Regarding natural resources, the proposal to allocate 3% of mineral revenue to host communities is a forward-thinking mechanism for equitable development. Managed by a representative board, this fund could address local infrastructure and environmental needs. These reforms reflect a commitment to social justice and equitable resource management.
Practical Advice
For the CRC Report to transition from a document to effective policy, the following practical steps are recommended:
- Hard Caps on Ministerial Numbers: Remove the simple majority “escape clause” for exceeding ministerial limits.

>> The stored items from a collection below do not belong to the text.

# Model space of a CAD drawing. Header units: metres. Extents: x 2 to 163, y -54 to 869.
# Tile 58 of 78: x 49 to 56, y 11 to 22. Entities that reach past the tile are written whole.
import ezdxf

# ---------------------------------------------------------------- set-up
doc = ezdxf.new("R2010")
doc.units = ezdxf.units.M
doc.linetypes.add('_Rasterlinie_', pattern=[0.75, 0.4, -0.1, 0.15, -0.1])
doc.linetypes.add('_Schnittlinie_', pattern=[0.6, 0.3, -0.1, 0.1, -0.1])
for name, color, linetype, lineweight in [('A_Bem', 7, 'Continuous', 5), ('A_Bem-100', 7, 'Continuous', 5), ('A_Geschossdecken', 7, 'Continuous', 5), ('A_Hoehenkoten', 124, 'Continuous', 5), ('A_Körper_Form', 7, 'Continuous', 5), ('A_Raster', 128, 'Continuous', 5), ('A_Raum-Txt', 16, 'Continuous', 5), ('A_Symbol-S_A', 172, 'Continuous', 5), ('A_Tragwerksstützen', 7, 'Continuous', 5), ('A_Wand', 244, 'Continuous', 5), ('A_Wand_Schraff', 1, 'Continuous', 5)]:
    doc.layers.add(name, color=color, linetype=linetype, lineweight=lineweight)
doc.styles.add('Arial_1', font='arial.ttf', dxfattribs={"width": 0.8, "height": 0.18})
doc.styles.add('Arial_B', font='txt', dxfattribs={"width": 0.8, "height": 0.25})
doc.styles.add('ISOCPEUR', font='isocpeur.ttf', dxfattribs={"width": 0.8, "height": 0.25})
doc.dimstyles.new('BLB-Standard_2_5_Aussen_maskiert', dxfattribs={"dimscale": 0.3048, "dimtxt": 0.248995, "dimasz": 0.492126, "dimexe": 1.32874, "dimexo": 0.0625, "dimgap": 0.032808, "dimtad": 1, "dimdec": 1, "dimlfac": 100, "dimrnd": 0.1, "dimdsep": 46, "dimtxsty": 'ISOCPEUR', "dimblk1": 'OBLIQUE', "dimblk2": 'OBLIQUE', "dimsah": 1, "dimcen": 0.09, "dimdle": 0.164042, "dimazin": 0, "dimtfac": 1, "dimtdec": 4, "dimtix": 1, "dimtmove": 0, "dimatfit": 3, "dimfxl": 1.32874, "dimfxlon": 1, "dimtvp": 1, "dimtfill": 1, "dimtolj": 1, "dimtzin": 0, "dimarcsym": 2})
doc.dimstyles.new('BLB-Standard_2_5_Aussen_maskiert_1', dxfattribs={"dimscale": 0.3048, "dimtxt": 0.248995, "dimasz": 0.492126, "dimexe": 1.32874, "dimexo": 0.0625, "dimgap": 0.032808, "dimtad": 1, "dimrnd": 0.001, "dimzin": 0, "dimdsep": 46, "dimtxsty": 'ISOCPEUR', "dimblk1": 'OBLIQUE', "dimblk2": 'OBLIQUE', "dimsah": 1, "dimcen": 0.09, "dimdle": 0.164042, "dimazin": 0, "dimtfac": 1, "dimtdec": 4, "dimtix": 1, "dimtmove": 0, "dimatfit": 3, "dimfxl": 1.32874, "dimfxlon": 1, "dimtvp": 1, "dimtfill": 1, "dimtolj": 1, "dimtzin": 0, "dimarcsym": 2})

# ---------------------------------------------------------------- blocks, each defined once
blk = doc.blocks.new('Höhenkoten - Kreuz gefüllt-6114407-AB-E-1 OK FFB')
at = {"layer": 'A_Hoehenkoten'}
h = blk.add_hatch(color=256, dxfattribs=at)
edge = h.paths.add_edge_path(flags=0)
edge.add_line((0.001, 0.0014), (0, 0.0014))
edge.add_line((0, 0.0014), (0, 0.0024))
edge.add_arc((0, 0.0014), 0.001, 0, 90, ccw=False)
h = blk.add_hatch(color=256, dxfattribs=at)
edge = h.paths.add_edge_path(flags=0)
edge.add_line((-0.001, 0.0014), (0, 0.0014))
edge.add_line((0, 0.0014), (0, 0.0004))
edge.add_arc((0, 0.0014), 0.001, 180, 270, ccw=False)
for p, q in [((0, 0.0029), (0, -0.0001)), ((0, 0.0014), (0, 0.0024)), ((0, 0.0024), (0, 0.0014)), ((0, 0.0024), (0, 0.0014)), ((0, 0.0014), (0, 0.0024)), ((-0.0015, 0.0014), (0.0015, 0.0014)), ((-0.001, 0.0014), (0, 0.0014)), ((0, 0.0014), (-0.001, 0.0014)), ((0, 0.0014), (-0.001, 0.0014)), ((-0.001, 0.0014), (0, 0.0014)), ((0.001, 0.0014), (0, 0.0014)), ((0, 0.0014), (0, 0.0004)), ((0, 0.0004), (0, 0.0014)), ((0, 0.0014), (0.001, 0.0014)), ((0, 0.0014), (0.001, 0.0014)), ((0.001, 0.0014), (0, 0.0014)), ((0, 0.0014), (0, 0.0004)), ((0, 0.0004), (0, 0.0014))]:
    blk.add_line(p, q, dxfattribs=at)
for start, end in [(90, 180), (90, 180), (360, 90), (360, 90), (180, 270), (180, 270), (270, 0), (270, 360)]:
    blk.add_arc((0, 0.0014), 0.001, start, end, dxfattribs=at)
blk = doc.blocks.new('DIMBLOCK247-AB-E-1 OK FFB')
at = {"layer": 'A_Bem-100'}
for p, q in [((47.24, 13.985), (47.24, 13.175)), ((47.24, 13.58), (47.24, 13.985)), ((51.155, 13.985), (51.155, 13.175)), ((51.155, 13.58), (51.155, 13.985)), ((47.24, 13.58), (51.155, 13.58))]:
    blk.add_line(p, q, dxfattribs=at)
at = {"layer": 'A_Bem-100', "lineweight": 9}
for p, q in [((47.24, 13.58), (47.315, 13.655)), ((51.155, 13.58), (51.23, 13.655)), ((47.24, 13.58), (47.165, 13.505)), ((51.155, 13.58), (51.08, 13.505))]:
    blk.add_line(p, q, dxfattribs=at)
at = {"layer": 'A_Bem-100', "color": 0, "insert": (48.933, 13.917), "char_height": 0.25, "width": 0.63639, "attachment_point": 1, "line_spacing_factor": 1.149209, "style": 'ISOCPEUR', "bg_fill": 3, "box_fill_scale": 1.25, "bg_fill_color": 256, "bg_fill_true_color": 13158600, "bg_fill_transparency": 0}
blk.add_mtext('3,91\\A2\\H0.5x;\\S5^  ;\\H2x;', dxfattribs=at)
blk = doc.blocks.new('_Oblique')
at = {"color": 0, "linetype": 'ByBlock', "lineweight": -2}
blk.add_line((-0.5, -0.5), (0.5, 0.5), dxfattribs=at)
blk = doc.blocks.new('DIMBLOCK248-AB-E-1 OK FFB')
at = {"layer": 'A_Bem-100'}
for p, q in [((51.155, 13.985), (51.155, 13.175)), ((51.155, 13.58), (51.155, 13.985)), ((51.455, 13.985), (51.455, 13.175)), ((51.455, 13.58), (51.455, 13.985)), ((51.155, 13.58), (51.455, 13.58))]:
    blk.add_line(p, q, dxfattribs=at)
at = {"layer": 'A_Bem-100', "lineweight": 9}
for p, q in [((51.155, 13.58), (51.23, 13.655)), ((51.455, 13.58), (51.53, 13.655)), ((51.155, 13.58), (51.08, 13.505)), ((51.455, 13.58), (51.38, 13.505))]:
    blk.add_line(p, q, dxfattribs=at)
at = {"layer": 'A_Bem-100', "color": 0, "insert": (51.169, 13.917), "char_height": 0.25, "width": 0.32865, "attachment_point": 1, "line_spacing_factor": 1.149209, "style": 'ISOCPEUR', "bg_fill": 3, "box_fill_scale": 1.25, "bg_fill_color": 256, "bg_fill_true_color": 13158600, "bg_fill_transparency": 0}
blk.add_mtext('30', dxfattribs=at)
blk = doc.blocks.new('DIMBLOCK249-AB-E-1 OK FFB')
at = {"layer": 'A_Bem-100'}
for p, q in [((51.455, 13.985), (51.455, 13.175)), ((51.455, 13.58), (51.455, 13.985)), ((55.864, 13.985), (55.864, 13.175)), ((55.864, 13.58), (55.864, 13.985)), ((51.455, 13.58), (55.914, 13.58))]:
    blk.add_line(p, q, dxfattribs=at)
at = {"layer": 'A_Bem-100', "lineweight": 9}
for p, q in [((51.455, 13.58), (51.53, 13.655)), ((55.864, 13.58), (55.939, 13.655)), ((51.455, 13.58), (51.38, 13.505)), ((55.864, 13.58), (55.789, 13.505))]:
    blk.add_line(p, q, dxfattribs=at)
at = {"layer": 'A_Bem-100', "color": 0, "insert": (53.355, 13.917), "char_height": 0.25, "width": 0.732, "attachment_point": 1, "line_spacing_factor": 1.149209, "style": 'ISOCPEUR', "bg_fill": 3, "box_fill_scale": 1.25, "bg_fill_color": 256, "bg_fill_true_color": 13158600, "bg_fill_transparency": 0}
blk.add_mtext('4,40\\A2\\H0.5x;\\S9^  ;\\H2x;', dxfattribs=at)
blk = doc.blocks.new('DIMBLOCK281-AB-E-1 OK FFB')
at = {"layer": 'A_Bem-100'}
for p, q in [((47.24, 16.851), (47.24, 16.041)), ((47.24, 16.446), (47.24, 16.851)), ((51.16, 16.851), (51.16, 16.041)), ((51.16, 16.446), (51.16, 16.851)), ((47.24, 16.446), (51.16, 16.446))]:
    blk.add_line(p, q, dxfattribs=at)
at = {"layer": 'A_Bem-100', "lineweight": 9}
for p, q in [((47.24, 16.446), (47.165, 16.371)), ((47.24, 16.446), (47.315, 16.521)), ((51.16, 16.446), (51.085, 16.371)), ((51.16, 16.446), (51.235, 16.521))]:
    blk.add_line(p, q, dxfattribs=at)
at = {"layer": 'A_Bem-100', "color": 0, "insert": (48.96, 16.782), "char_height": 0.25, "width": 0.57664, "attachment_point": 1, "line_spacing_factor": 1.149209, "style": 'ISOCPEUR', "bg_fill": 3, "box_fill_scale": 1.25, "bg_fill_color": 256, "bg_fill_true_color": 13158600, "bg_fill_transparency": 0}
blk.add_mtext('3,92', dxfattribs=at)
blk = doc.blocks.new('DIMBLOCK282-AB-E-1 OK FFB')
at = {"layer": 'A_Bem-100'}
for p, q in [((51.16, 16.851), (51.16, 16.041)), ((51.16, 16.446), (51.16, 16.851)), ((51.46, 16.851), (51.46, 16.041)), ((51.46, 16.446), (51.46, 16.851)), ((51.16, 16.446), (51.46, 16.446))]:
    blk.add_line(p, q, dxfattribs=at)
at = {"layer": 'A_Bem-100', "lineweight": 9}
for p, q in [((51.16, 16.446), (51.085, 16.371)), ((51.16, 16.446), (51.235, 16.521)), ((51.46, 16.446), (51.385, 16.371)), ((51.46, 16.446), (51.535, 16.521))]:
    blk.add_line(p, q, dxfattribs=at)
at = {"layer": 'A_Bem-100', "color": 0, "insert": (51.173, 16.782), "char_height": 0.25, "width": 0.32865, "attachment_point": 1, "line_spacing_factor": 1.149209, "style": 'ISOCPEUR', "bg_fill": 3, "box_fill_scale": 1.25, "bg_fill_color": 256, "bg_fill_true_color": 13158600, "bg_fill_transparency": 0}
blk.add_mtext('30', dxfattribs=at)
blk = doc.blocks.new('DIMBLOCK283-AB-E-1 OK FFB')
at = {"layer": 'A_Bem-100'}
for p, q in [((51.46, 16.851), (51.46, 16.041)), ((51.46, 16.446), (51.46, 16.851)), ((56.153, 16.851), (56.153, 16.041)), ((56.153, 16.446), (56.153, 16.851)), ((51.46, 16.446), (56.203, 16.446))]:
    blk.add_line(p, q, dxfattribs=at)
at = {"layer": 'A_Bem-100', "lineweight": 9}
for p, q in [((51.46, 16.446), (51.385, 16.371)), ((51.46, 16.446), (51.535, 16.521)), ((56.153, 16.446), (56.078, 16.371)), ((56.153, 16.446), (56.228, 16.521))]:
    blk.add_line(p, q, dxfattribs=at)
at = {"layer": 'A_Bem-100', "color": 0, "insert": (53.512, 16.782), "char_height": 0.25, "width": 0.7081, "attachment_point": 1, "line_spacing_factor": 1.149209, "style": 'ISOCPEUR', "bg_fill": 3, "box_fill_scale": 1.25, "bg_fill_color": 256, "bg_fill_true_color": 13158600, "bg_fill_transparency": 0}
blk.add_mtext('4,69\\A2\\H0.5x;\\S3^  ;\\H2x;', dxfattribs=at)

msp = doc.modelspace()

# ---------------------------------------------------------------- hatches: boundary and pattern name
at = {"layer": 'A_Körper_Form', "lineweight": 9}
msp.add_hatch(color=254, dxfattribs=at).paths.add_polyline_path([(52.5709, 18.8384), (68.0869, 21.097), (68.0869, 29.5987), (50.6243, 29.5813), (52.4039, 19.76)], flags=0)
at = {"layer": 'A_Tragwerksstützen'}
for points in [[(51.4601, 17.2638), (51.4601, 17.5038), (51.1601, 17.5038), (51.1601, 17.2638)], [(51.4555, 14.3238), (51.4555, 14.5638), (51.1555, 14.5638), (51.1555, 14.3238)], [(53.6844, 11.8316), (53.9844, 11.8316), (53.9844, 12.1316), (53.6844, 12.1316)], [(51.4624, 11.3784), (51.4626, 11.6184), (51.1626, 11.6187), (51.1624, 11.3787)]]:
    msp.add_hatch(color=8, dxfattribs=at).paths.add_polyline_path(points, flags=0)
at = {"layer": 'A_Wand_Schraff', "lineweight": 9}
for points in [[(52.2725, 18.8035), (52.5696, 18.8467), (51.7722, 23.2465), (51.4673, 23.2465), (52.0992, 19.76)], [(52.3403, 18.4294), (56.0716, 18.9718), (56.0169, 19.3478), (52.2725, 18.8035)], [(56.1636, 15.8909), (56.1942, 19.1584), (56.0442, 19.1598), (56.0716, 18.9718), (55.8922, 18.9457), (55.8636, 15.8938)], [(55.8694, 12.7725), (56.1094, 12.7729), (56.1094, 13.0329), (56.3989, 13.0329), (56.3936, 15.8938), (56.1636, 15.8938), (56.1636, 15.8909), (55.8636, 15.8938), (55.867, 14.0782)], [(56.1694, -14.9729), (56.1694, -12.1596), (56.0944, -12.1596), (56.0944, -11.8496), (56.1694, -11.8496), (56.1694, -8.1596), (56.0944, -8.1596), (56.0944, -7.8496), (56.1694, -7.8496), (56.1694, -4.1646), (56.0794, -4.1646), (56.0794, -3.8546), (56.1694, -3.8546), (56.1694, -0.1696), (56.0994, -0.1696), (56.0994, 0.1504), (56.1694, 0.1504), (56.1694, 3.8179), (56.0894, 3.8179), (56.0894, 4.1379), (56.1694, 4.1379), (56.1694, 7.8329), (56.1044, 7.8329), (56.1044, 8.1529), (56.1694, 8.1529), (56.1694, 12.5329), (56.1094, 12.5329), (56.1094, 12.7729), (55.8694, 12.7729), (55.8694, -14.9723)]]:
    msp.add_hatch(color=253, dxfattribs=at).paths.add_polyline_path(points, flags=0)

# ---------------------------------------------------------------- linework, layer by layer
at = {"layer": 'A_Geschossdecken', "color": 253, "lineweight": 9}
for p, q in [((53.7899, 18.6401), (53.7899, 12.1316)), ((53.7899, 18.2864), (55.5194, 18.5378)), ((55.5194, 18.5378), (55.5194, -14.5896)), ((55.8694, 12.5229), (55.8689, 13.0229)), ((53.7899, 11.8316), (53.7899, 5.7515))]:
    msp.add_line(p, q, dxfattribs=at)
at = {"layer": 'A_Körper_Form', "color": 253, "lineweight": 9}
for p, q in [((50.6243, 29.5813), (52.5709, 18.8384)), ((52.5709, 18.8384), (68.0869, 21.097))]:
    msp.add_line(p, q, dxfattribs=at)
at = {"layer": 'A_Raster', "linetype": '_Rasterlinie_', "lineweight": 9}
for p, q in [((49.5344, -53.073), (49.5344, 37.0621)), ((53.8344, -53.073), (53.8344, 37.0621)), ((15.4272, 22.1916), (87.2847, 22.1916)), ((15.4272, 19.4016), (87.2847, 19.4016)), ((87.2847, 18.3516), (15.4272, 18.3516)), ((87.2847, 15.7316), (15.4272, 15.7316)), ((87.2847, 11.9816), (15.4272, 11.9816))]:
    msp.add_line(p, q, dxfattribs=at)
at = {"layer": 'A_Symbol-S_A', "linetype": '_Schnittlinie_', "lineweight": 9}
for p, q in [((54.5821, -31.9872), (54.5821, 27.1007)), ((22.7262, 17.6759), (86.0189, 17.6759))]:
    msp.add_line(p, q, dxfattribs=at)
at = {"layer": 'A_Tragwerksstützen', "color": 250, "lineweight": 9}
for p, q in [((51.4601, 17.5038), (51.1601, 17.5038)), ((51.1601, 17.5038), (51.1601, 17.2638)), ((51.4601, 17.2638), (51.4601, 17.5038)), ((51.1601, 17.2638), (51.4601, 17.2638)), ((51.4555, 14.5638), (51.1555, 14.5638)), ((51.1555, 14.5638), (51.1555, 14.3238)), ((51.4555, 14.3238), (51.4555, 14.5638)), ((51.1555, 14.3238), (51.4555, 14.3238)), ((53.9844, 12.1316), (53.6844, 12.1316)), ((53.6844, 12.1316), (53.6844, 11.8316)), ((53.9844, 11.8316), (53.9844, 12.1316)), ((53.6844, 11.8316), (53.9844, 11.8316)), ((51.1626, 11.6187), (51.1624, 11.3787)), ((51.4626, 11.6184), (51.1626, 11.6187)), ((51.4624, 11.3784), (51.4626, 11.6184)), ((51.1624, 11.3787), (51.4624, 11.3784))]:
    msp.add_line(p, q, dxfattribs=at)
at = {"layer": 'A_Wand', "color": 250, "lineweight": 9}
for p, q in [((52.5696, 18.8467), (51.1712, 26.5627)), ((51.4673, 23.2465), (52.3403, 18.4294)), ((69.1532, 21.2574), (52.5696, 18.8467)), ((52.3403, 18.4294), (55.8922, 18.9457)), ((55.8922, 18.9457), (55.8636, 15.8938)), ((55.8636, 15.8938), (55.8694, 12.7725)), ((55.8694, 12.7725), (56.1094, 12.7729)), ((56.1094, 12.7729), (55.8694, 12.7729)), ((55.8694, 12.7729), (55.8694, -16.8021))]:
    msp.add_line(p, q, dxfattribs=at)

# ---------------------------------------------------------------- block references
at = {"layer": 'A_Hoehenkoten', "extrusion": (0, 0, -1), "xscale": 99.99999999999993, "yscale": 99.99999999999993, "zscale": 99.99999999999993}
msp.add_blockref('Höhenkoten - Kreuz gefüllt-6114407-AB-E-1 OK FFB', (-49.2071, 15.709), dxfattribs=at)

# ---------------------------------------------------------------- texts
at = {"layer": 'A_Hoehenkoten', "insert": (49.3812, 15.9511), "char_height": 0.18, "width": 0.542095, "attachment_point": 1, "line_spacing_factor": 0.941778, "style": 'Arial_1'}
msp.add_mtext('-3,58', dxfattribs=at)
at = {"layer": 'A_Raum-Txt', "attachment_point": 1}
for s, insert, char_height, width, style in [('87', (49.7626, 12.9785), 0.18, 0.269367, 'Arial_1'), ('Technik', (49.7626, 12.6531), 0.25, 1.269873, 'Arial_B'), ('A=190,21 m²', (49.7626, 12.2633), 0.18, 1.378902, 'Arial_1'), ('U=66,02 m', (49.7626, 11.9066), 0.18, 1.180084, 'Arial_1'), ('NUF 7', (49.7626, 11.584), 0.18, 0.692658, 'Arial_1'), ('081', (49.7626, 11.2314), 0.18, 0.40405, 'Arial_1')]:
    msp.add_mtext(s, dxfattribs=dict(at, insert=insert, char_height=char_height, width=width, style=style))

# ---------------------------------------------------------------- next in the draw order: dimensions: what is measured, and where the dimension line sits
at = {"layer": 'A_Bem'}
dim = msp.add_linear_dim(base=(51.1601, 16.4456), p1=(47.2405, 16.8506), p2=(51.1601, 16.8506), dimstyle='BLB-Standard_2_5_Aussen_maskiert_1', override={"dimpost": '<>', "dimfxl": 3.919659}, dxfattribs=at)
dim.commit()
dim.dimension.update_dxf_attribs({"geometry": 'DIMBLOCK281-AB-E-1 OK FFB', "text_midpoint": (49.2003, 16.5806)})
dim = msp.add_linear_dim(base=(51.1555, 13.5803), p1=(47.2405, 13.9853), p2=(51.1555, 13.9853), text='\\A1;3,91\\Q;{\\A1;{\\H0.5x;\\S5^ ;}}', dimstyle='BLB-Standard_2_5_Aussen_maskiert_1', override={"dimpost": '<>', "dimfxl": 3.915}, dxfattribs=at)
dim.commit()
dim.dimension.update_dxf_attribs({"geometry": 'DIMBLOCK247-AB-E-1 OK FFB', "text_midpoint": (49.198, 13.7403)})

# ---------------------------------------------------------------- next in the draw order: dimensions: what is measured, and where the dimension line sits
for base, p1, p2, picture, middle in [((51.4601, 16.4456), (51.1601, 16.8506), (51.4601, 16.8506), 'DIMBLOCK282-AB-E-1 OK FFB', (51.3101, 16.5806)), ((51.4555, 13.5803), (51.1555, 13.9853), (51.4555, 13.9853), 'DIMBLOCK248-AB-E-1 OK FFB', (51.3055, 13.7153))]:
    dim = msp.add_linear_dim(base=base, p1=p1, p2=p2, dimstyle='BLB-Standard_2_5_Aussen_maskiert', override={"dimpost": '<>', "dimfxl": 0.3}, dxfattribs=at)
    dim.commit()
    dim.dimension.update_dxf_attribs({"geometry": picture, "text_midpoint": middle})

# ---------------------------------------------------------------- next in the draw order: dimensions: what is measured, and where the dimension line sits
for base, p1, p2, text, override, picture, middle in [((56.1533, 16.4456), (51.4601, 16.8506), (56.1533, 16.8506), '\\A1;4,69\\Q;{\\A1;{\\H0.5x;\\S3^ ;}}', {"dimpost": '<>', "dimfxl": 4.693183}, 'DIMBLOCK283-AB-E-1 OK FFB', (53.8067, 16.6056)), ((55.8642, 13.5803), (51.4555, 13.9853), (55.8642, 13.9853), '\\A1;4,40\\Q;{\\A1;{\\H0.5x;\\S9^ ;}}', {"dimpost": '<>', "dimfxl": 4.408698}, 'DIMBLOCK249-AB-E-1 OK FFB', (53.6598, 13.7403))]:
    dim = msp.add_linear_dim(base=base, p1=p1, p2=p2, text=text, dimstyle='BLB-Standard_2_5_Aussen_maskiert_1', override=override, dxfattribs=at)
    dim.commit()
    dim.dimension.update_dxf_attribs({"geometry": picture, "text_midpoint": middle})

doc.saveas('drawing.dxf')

Require a super-majority (e.g., 2/3rds) or a fixed, non-negotiable cap.
- Define MP Engagement Funding: Explicitly legislate that constituency engagement funds be drawn from a dedicated Parliamentary budget to ensure equity across rich and poor constituencies.
- Anti-Evasion Protocols: Introduce travel restrictions or escrow requirements for public officials under investigation to prevent the misuse of multiple citizenships to flee justice.
- Healthcare Infrastructure First: Prioritize the passage of supporting legislation that funds hospital expansion before or simultaneously with the constitutional amendment for emergency care rights.
- Security Sector Reform: Expand the contempt reforms to include statutory limitations on the use of police for silencing dissent, ensuring a holistic protection of free speech.
FAQ
What is the main goal of the Constitutional Review Committee Report?
The primary goal is to evaluate and propose amendments to the 1992 Constitution to strengthen democracy, improve governance accountability, and protect fundamental human rights.
Why is the proposed limit on ministers considered weak?
It is considered weak because it includes a provision allowing the President to exceed the cap with simple parliamentary approval, which is easily achievable if the President’s party holds the majority.
Does the CRC Report recommend allowing dual citizenship for MPs?
Yes. The report recommends replacing “dual citizenship” with “multiple citizenship” and removing the disqualification for MPs, restricting the ban only to the President and Vice President.
What are the concerns regarding the Right to Housing?
While the right is positive, concerns include potential increased rural-urban migration leading to slums, lack of post-service housing for officials, and the heavy financial burden on the state.
Conclusion
The Constitutional Review Committee Report represents a significant and ambitious effort to refine Ghana’s governance architecture. Proposals regarding disability rights, mineral revenue sharing, and electoral inclusivity are particularly strong. However, for the reforms to be enduring, they must be free of contradictions and loopholes.
The discrepancies in presidential accountability, the weak enforcement mechanism for ministerial caps, and the lack of funding clarity for MP engagements require careful refinement. As Plato suggested, the laws must order society toward the common good. If Ghana is to build a resilient and just constitutional framework, the path forward requires discernment, restraint, and a commitment to closing loopholes that allow power to evade accountability.